Study material Block Start

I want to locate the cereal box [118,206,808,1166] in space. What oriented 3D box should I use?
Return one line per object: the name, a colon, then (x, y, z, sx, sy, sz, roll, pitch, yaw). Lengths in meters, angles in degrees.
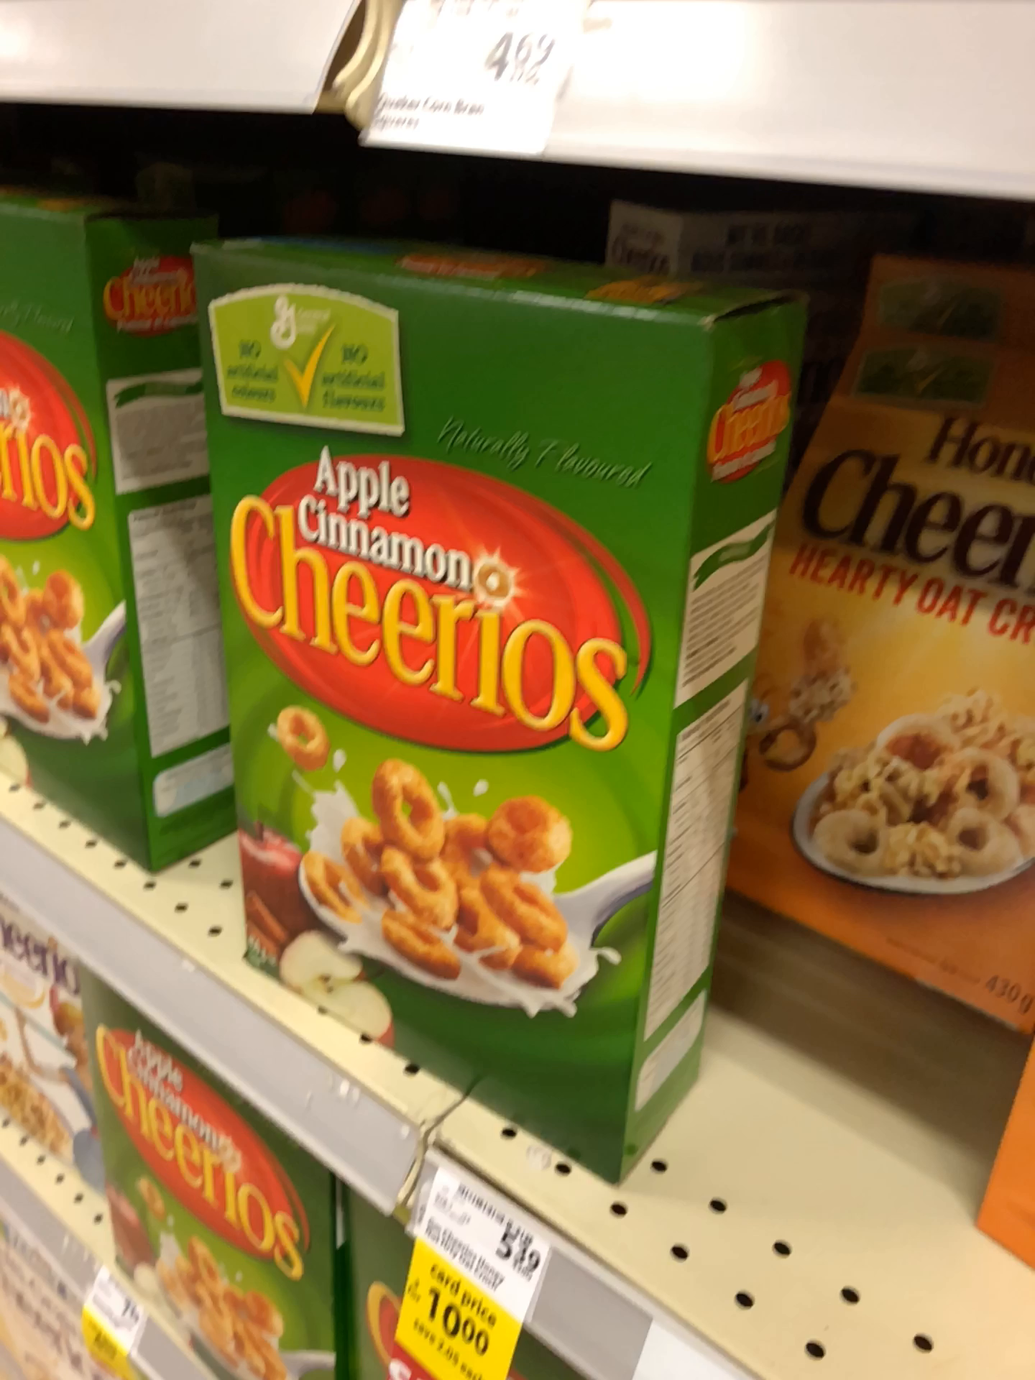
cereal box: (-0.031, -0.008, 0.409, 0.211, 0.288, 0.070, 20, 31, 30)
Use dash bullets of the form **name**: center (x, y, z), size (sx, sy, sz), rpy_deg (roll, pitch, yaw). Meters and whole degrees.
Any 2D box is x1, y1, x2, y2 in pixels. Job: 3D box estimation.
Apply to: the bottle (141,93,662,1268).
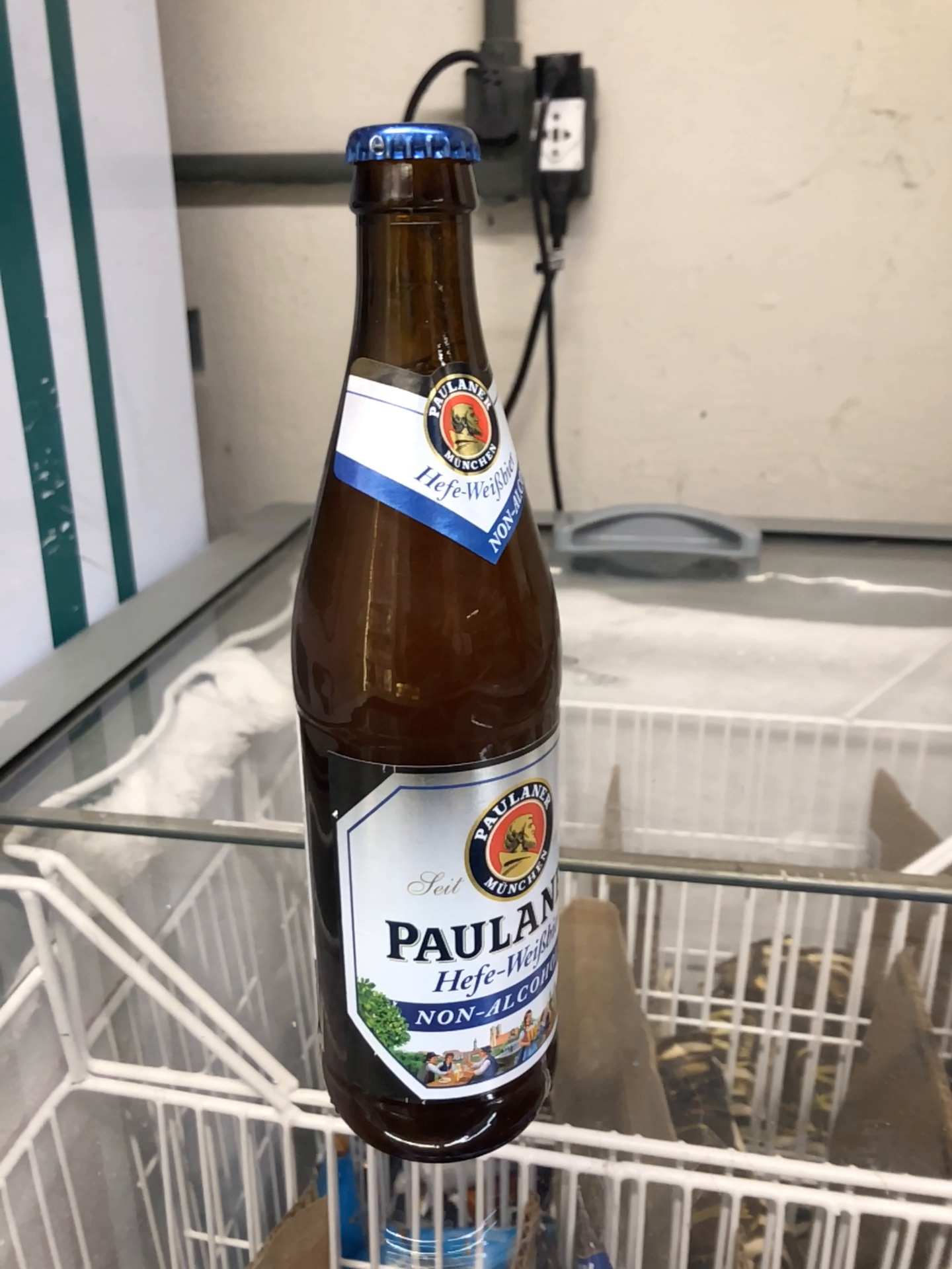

Study material Block End
Study material Block Start

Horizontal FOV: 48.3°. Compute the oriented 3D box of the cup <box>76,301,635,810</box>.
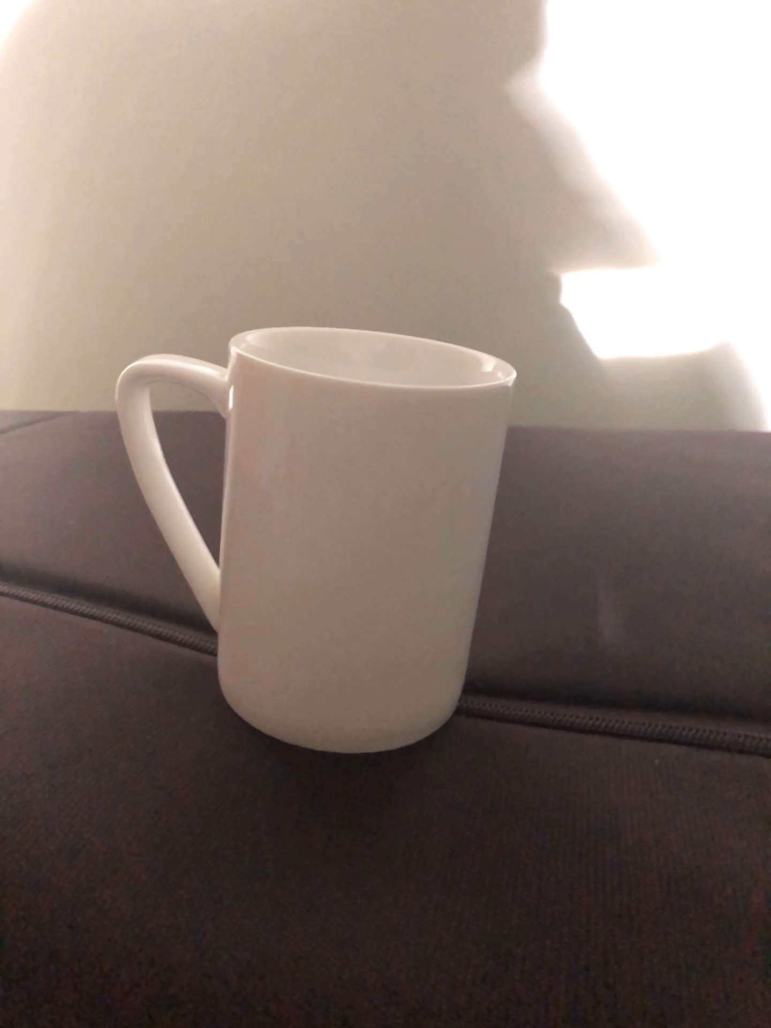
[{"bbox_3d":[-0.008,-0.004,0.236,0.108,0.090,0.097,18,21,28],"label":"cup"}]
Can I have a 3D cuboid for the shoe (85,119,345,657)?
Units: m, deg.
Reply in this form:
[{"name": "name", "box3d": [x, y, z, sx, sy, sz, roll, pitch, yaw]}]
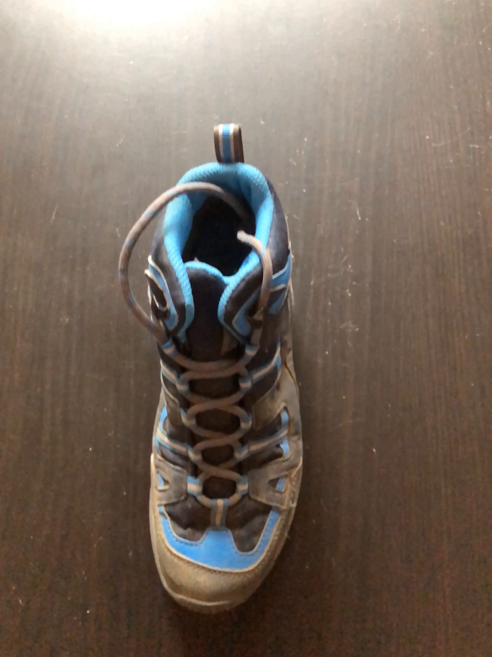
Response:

Study material Block End
Study material Block Start

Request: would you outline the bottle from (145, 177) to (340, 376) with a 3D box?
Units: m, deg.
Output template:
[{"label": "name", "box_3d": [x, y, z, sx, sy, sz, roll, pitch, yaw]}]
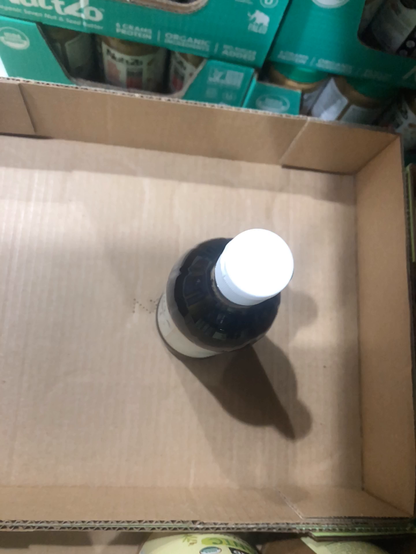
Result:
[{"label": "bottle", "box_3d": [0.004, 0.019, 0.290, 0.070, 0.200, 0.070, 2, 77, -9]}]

Study material Block End

**Activity**
Collect every line above that contains the word "form".

**Answer space**
Use dash bullets of the form **name**: center (x, y, z), size (sx, sy, sz), rpy_deg (roll, pitch, yaw). Meters and whole degrees.
Reply in this form:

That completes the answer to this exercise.